Main idea of Deep Latent Competition (DLC):
- Why "Latent Competition"?
  - The idea is to gain competitiveness from imagined self-play in a learned multi-agent latent world model.
  - "Our approach learns a world model for imagining competitive behavior in latent-space."
  - "The DLC agent can imagine interaction sequences in the compact latent space based on a multi-agent world model that combines a joint transition function with opponent viewpoint prediction."
- [Benefits] "Imagined self-play reduces costly sample generation in the real world, while the latent representation enables planning to scale gracefully with observation dimensionality."
Model-based RL consists of 3 tasks, iteratively repeated:
- 1- Model learning: base on previous experience of all agents, two functions are learnt:
  - (i) The joint dynamics:
    - It includes predictions of other agents' behaviour.
    - How the world will evolve, conditioned on own and expected opponent actions.
    - It enables each agent to imagine the outcome of games without requiring additional real-world experience.
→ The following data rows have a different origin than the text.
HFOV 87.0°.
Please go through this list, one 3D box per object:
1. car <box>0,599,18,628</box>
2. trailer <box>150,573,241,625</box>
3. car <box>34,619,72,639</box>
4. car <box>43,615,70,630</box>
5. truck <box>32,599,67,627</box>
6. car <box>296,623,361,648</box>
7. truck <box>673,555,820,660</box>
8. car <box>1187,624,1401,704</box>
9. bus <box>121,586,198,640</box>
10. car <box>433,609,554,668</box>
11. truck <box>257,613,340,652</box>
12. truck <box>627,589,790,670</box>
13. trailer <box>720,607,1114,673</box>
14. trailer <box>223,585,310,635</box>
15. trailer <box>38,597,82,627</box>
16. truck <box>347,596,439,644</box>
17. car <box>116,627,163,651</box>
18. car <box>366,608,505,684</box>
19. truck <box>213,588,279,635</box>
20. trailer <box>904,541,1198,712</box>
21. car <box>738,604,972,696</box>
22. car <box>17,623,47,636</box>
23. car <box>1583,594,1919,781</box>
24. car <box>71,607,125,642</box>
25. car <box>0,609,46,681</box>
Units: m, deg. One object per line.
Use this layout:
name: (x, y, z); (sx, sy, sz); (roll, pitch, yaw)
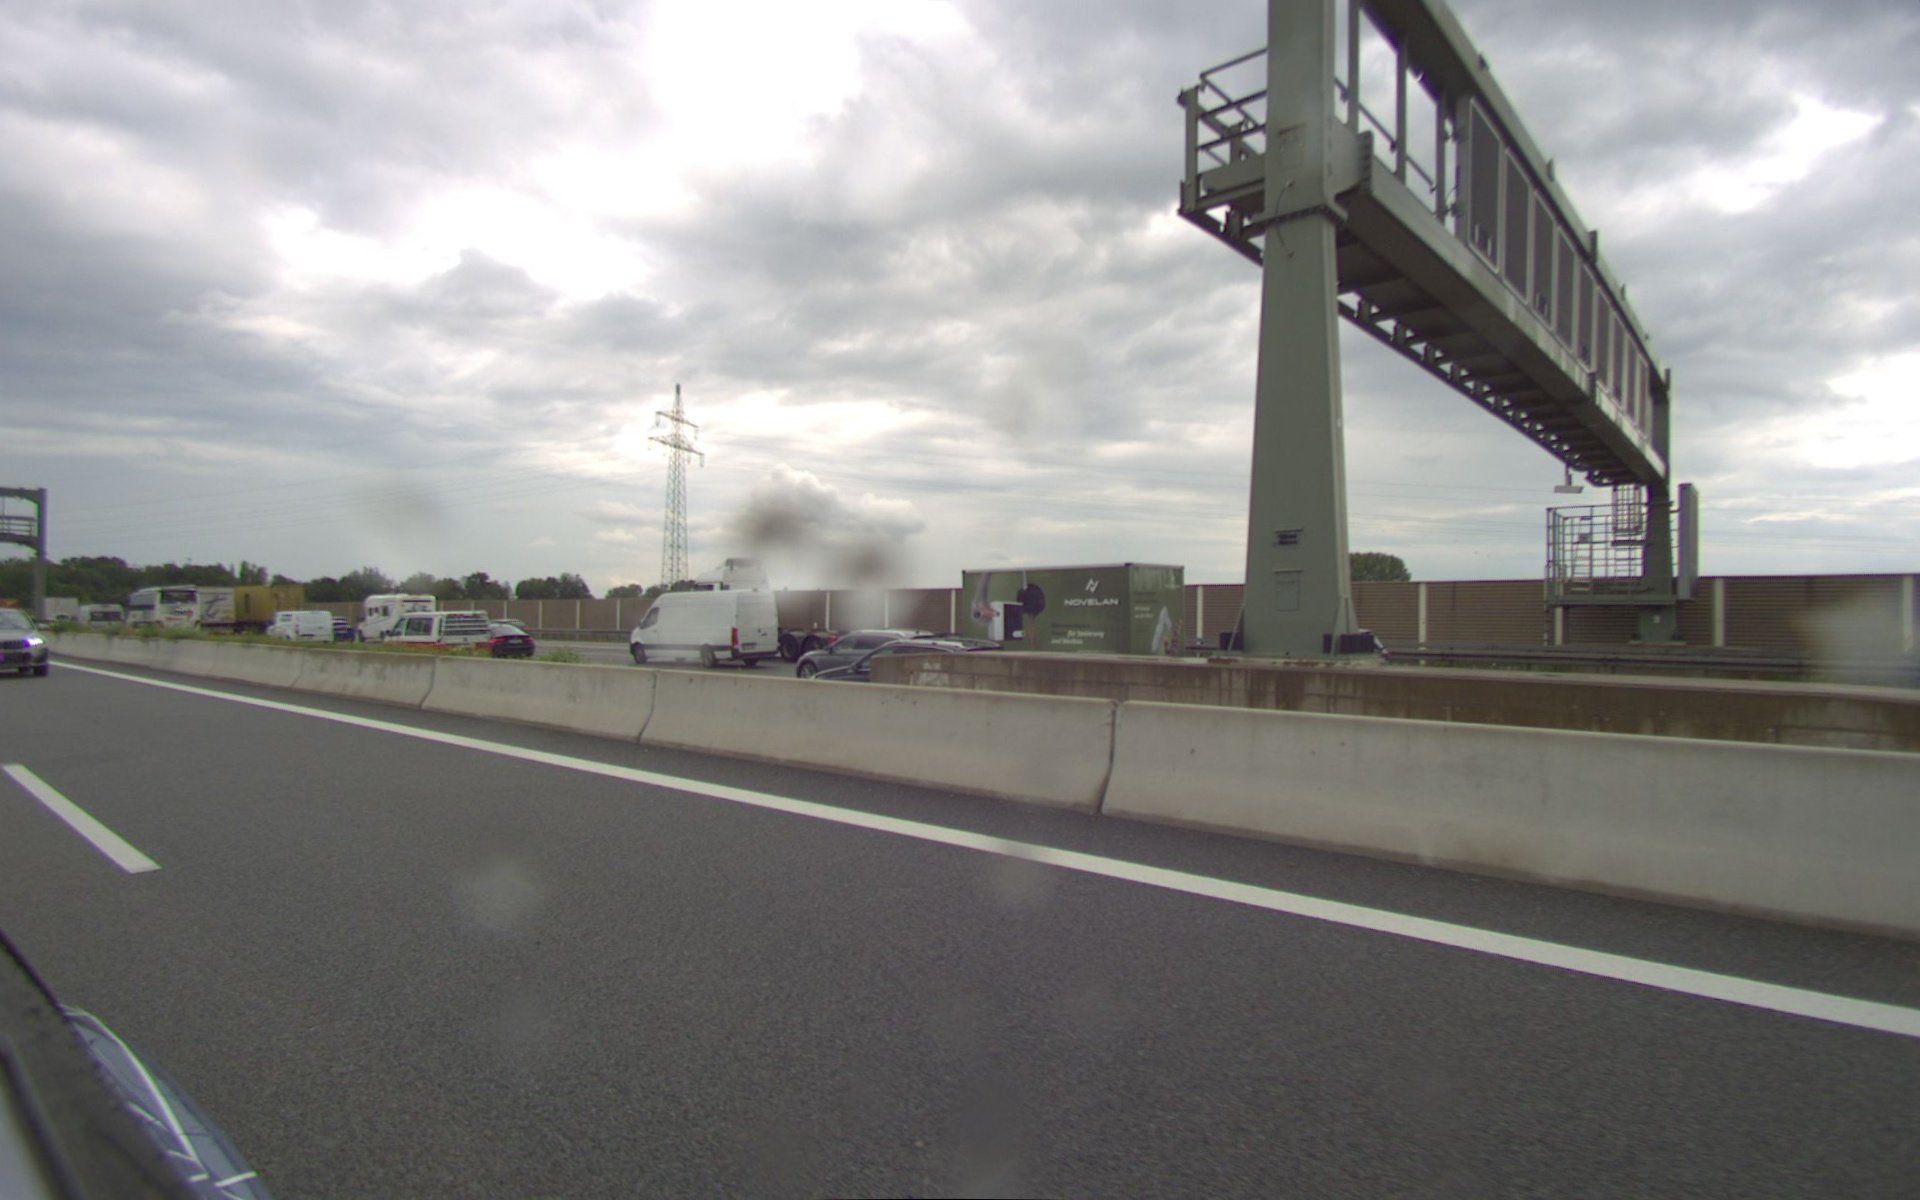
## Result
car: (-145.824, 2.078, 153.108); (14.382, 4.155, 2.953); (-1, 0, 40)
trailer: (-62.320, 0.027, 82.310); (14.288, 3.991, 2.856); (-1, 0, 41)
car: (-75.149, 2.396, 83.854); (4.373, 1.551, 1.719); (-1, 0, 40)
car: (-107.230, 2.657, 120.111); (4.574, 1.753, 1.772); (-1, 0, 40)
truck: (-135.088, 1.941, 150.162); (6.616, 4.147, 2.871); (-1, 0, 40)
car: (-37.534, 2.082, 60.079); (4.943, 1.396, 1.943); (-1, -1, 42)
truck: (-8.614, 0.344, 40.578); (6.048, 3.917, 2.723); (-1, -2, 42)
car: (6.976, 1.268, 21.323); (3.898, 1.506, 1.797); (-1, -1, 42)
bus: (-58.875, 0.956, 74.303); (10.630, 3.707, 2.626); (-1, -2, 42)
car: (-18.119, 1.441, 39.141); (5.539, 2.130, 2.220); (-1, -1, 42)
truck: (-35.412, 1.690, 54.101); (5.541, 2.015, 2.221); (-1, -1, 40)
truck: (-8.996, 1.020, 35.816); (6.554, 2.623, 2.220); (-1, -1, 41)
trailer: (-2.330, 1.268, 34.972); (16.343, 1.842, 2.723); (-1, -2, 42)
trailer: (-58.375, 0.897, 84.975); (12.969, 3.963, 2.997); (-1, -2, 42)
trailer: (-129.324, 1.755, 145.307); (12.687, 4.147, 2.871); (-1, 0, 40)
truck: (-35.687, 1.255, 63.575); (7.831, 2.835, 2.663); (-1, -1, 42)
car: (-50.321, 2.386, 62.049); (3.325, 1.399, 1.598); (-1, -1, 40)
car: (-17.156, 1.419, 32.971); (5.511, 2.254, 2.206); (-1, -1, 42)
truck: (-62.682, 1.034, 88.770); (7.707, 3.963, 2.997); (-1, -2, 42)
trailer: (1.780, 0.555, 21.686); (6.048, 3.162, 2.423); (-1, -2, 42)
car: (-2.805, 1.191, 25.778); (6.191, 2.067, 2.423); (-1, -2, 42)
car: (-101.805, 3.225, 110.998); (4.856, 1.392, 1.770); (-1, 0, 40)
car: (9.232, 0.824, 10.195); (4.805, 1.722, 1.797); (-1, -1, 42)
car: (-60.897, 1.718, 71.473); (5.708, 2.369, 2.114); (-1, 0, 41)
car: (-23.638, 1.058, 24.451); (4.913, 1.637, 1.817); (-1, -1, 42)

Hence self-play.
    - This transition model is represented by a recurrent state space model (RSSM).
  - (ii) The reward function.
    - With a dense net.
    - "We incentivize competition by discounting rewards based on visitation order: the first agent to visit a track tile is rewarded with +1000/N, while the second agent receives +500/N (on an N-tile track)."
  - Note that reasoning and competition are not performed in image space. Rather in the learnt latent space.
    - "In order to discover latent spaces that not only offer compact representations of environment states but further facilitate prediction of associated trajectory performance."
    - Encoder: CNN
    - Observation model: transposed CNN
- 2- Behaviour optimization = policy improvement.
  - The agents interact with their adversaries through imagined self-play: no necessity for execution in the real world.
  - policy and value functions are learnt models through policy iteration on imagined model rollouts.
- 3- Environment interaction = policy evaluation + experience collection.
  - "Each agent only has access to their own observation-action history and performance indirectly depends on how well the states of opponents are being estimated."
  - Note: what observation-action histories can been seen by the ego-agent?
    - Training: those of all agents.
    - Deployment only their individual.
Ablation study - it highlights the importance of:
- 1- The learned observer, i.e. opponent viewpoint prediction.
  - "The first [baseline] is joint transition, which propagates ground truth latent states of both agents and allows for assessing performance of the observer."
  - It is able to acquire general racing skills faster. But, after 200 races joint transition methods have learned to compete more effectively through imagined self-play.
    - "The individual transition baseline can not leverage this effect, as agent actions do not affect opponents states during imagined rollouts and self-play may only occur in the real world."
- 2- The joint transition model.
  - "The second [baseline] is individual transition, which propagates ground truth latent states individually and highlights the added value of a joint transition model."
  - "Optimizing competitive behaviors through imagined self-play based on these joint predictions yields an agent that performs superior to an agent that propagates ground truth observations separately."
About consistency in imagined self-play:
- The learned transition model propagates all agents’ latent states jointly.
- "To facilitate efficient self-play in a learned world model, we require all agent states to be jointly propagated in a consistent manner."
- "We observe the benefit of recursively estimating states in agent 1’s reconstruction of agent 2’s viewpoint."
- "The joint transition model helps keeping predictions consistent, as it allows for information exchange between both agents’ latent states during forward propagation."
Still open questions for me:
- Who controls the other agent? Is the same model used for both cars? Probably yes.
- How to deal with multi-modal predictions and multi-model believes about the other actions'?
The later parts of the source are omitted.